President Trump's inauguration for his second term marked a significant shift in US trade policy, with the signing of the America First Trade Policy Memorandum and the announcement of new tariffs on various countries. These changes could have major implications for businesses operating across borders, especially those in industries that have enjoyed low or duty-free rates. Besides country-specific duties, the administration is considering higher tariffs on automobiles and automotive parts, which could put pressure on EU manufacturers.
The America First Trade Policy initiates a comprehensive review of existing US trade measures. This review encompasses the examination of de minimis thresholds, export controls, anti-dumping laws, and the potential establishment of a new External Revenue Service. Certain products that have previously been exempt from taxation, such as specific medicines, medical equipment, and other goods with low customs duties, may soon be affected.

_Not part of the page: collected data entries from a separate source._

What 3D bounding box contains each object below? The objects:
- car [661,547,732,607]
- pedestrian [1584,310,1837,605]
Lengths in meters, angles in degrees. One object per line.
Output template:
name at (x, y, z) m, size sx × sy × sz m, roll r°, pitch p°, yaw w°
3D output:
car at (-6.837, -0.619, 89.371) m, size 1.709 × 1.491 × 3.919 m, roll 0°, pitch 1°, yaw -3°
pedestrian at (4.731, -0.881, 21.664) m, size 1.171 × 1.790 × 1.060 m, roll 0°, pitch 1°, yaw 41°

A unified report on these topics, coordinated by the Secretary of Commerce, is expected by 1 April 2025. During the signing ceremony, Trump also hinted at imposing 25% tariffs on Canada and Mexico as early as 1 February.
The Memorandum also emphasises the importance of trade policy for national security and reducing dependence on other countries. It directs the US Trade Representative to identify and address unfair trade practices, initiate public consultations on renegotiating the United States-Mexico-Canada Agreement (USMCA), and review all existing trade agreements, including those with China and the WTO. This may lead to potential withdrawal from various trade deals.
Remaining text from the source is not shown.